REQUIRED WORK: Without including any pictures, write out the data below exactly.

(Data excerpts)

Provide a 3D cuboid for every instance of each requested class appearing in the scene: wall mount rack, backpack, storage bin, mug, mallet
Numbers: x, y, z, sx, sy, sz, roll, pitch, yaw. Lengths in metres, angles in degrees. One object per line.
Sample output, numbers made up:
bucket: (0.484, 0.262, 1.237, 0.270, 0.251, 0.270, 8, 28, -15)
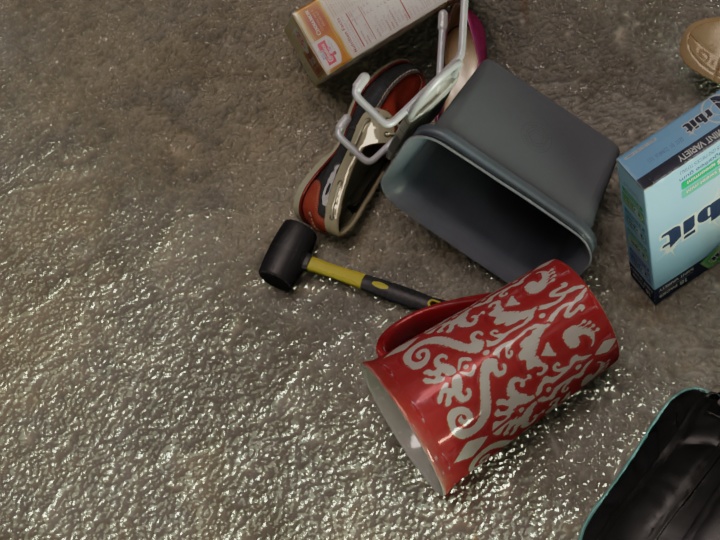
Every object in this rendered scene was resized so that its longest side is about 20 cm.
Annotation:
wall mount rack: (0.056, -0.187, 1.365, 0.075, 0.200, 0.174, 44, 75, 3)
backpack: (0.272, 0.220, 1.155, 0.175, 0.154, 0.200, 31, 63, 30)
storage bin: (0.139, -0.089, 1.375, 0.199, 0.146, 0.135, 34, 59, -1)
mug: (0.107, 0.071, 1.302, 0.199, 0.134, 0.178, -32, 63, -8)
mallet: (0.000, 0.000, 1.430, 0.198, 0.041, 0.067, 12, 68, 17)

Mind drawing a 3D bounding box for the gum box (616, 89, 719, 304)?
gum box: (0.310, -0.076, 1.286, 0.169, 0.201, 0.045, -33, 58, -5)

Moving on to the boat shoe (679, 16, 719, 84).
boat shoe: (0.407, -0.196, 1.410, 0.198, 0.065, 0.073, 10, 85, 18)

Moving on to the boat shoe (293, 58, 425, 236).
boat shoe: (0.010, -0.122, 1.469, 0.062, 0.071, 0.201, 23, 74, 45)

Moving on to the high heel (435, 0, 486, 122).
high heel: (0.101, -0.166, 1.458, 0.066, 0.096, 0.202, 1, 61, 16)

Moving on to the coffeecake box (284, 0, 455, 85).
coffeecake box: (0.026, -0.275, 1.504, 0.199, 0.154, 0.074, -31, 96, -3)

YOUR RESPONSE:
Provide a 3D cuboid for every instance of each requested class appearing in the scene: wall mount rack, backpack, storage bin, mug, mallet
Numbers: x, y, z, sx, sy, sz, roll, pitch, yaw. Lengths in metres, angles in degrees. One object per line.
Sample output, numbers made up:
bucket: (0.484, 0.262, 1.237, 0.270, 0.251, 0.270, 8, 28, -15)
Every object in this rendered scene was resized so that its longest side is about 20 cm.
Annotation:
wall mount rack: (0.056, -0.187, 1.365, 0.075, 0.200, 0.174, 44, 75, 3)
backpack: (0.272, 0.220, 1.155, 0.175, 0.154, 0.200, 31, 63, 30)
storage bin: (0.139, -0.089, 1.375, 0.199, 0.146, 0.135, 34, 59, -1)
mug: (0.107, 0.071, 1.302, 0.199, 0.134, 0.178, -32, 63, -8)
mallet: (0.000, 0.000, 1.430, 0.198, 0.041, 0.067, 12, 68, 17)

Mind drawing a 3D bounding box for the gum box (616, 89, 719, 304)?
gum box: (0.310, -0.076, 1.286, 0.169, 0.201, 0.045, -33, 58, -5)

Moving on to the boat shoe (679, 16, 719, 84).
boat shoe: (0.407, -0.196, 1.410, 0.198, 0.065, 0.073, 10, 85, 18)

Moving on to the boat shoe (293, 58, 425, 236).
boat shoe: (0.010, -0.122, 1.469, 0.062, 0.071, 0.201, 23, 74, 45)

Moving on to the high heel (435, 0, 486, 122).
high heel: (0.101, -0.166, 1.458, 0.066, 0.096, 0.202, 1, 61, 16)

Moving on to the coffeecake box (284, 0, 455, 85).
coffeecake box: (0.026, -0.275, 1.504, 0.199, 0.154, 0.074, -31, 96, -3)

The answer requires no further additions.